_PROBLEM DESCRIPTION_:
Please copy, exactly as they appear below, the lines from the one containing "Answer as a" through the one containing "You are a 3D".

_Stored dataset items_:
◇ ◇ ◇ ◇ ◇ ◇ ◇

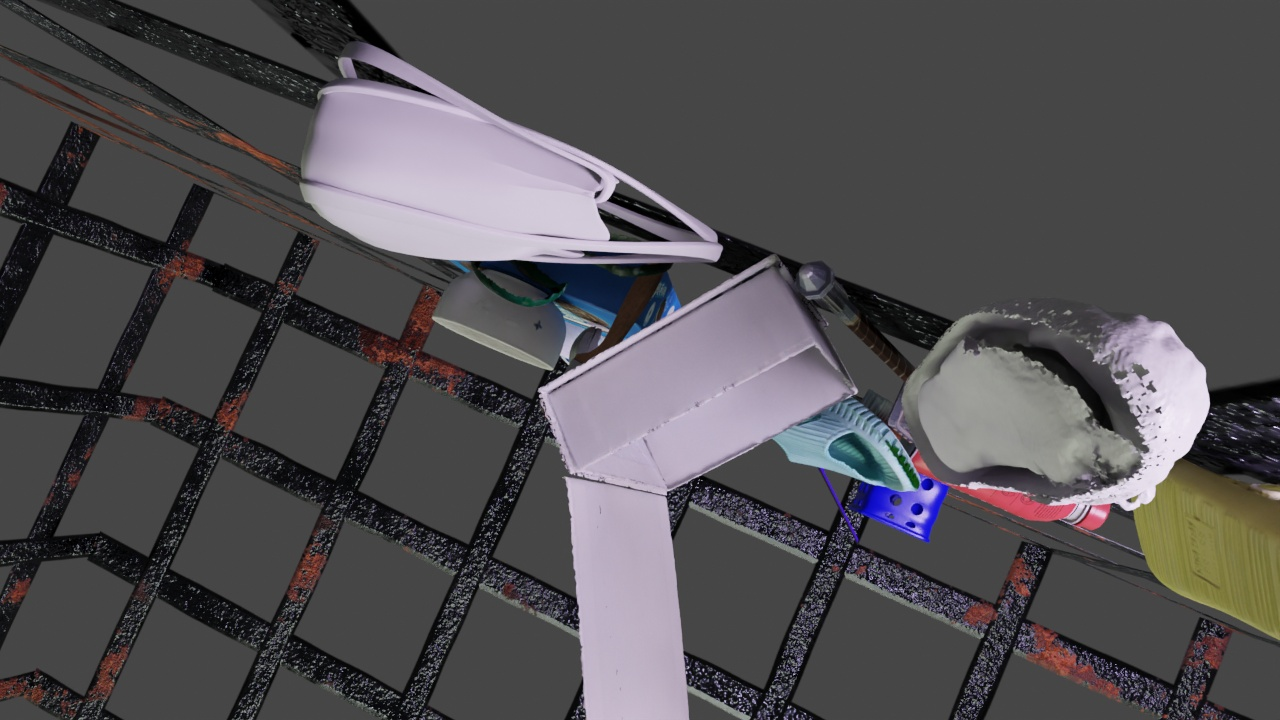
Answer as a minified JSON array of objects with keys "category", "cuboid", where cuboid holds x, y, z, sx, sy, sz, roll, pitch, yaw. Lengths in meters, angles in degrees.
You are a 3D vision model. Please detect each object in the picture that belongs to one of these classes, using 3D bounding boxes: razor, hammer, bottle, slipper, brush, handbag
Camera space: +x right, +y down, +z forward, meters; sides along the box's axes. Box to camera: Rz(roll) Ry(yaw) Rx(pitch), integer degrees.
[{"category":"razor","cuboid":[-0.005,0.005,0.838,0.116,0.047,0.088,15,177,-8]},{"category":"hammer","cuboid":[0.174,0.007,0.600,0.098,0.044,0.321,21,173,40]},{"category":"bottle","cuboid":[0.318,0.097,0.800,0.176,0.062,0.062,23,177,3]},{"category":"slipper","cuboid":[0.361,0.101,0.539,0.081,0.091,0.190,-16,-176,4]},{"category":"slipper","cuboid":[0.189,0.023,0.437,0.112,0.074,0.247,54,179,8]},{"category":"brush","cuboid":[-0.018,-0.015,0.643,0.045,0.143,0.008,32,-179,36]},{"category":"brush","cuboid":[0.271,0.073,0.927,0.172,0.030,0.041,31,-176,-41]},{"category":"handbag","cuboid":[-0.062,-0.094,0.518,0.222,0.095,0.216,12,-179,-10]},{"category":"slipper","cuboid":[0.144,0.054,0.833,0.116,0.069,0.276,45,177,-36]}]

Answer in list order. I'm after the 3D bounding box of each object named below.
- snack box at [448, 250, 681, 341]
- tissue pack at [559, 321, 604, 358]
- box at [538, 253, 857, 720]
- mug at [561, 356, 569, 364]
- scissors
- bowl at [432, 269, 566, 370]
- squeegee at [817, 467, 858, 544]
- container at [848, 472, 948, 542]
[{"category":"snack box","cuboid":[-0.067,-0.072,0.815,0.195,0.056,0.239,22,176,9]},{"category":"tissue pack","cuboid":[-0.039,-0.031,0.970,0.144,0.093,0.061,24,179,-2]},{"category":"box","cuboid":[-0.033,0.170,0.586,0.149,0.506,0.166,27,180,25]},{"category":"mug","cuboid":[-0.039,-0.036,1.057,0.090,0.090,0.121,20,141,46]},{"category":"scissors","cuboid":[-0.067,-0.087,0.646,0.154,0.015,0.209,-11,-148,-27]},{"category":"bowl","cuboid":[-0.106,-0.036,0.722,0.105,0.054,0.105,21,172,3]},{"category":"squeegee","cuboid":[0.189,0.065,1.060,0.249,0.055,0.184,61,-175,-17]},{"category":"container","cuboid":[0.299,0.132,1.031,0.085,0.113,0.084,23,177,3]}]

◇ ◇ ◇ ◇ ◇ ◇ ◇

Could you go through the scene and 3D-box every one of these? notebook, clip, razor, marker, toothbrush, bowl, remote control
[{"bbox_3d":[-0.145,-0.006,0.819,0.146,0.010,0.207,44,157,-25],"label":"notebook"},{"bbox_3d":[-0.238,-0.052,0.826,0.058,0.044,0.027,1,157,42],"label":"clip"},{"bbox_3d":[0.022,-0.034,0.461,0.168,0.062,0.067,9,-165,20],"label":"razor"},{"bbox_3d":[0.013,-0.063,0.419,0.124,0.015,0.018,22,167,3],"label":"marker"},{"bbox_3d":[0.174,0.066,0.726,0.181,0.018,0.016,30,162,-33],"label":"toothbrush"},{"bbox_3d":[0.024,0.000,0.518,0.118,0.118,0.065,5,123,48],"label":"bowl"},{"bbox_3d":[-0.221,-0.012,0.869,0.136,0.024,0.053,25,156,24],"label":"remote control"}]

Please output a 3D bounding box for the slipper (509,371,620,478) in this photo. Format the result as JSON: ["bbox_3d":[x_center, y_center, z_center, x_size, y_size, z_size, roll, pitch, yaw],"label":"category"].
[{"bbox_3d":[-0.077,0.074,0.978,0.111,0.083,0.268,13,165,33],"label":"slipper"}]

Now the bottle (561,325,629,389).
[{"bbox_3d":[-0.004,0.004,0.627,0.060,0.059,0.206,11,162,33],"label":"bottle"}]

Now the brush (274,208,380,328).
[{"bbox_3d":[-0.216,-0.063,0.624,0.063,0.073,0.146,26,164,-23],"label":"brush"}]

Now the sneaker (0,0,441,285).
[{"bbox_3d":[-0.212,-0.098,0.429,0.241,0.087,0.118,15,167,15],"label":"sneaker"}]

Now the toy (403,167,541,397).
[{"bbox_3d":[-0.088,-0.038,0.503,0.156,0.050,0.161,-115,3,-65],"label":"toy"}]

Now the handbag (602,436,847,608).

◇ ◇ ◇ ◇ ◇ ◇ ◇

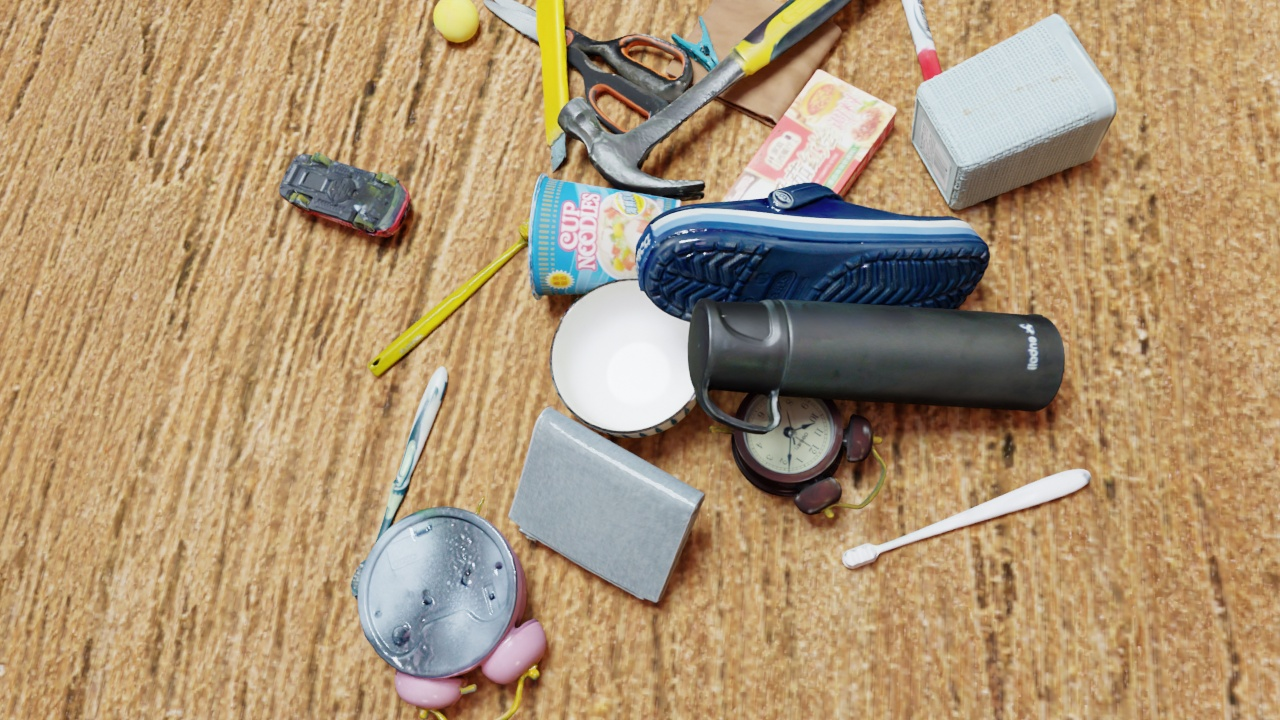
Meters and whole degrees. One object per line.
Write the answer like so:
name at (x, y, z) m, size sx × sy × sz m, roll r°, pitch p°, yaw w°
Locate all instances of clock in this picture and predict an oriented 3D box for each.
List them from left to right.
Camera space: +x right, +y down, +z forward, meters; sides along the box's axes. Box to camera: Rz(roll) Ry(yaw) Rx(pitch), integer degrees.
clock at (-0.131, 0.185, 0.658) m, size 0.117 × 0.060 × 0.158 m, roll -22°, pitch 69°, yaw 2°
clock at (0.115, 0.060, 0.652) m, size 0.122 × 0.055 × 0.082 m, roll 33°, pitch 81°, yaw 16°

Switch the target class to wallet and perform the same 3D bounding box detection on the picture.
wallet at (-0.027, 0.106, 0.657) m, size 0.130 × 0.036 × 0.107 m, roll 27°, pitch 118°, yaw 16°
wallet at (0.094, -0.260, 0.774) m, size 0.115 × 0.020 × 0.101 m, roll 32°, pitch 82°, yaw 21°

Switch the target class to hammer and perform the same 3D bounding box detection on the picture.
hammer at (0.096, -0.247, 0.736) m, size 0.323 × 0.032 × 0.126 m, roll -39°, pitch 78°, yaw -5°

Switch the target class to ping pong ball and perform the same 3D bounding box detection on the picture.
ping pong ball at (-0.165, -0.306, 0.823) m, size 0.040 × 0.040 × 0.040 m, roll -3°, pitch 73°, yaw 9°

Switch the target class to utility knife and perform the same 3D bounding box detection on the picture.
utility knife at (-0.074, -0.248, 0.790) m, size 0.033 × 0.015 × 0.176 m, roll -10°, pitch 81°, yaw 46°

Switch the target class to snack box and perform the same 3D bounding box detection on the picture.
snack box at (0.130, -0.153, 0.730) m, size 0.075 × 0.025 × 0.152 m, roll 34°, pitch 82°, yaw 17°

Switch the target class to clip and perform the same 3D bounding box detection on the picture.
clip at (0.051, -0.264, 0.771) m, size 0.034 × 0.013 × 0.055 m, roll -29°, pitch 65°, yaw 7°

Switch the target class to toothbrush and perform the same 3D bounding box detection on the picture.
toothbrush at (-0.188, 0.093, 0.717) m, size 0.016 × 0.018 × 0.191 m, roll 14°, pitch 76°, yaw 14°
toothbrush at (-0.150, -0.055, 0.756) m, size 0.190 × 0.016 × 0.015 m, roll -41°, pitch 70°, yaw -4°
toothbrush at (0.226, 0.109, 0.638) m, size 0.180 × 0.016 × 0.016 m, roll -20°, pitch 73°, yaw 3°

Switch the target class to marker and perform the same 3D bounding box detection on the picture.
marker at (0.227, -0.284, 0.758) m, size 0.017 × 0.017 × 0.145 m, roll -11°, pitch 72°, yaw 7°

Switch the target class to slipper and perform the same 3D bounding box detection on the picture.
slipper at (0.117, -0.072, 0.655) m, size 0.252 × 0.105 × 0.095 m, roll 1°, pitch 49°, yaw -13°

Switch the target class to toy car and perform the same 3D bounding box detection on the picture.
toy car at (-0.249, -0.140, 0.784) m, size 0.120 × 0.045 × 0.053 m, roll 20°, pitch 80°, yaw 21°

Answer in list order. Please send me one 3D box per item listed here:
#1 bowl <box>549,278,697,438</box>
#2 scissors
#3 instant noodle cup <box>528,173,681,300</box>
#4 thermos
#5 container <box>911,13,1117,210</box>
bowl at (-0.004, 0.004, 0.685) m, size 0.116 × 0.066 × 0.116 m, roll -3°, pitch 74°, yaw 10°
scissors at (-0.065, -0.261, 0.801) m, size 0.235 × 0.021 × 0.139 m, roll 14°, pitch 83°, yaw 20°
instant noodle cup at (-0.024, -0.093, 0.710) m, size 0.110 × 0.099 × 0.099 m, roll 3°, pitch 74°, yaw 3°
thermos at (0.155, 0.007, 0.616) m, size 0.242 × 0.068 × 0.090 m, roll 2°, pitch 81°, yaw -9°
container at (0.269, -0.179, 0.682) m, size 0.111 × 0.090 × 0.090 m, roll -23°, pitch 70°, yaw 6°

◇ ◇ ◇ ◇ ◇ ◇ ◇

_TASK RESULT_:
Answer as a minified JSON array of objects with keys "category", "cuboid", where cuboid holds x, y, z, sx, sy, sz, roll, pitch, yaw. Lengths in meters, angles in degrees.
You are a 3D vision model. Please detect each object in the picture that belongs to one of these classes, using 3D bounding boxes: razor, hammer, bottle, slipper, brush, handbag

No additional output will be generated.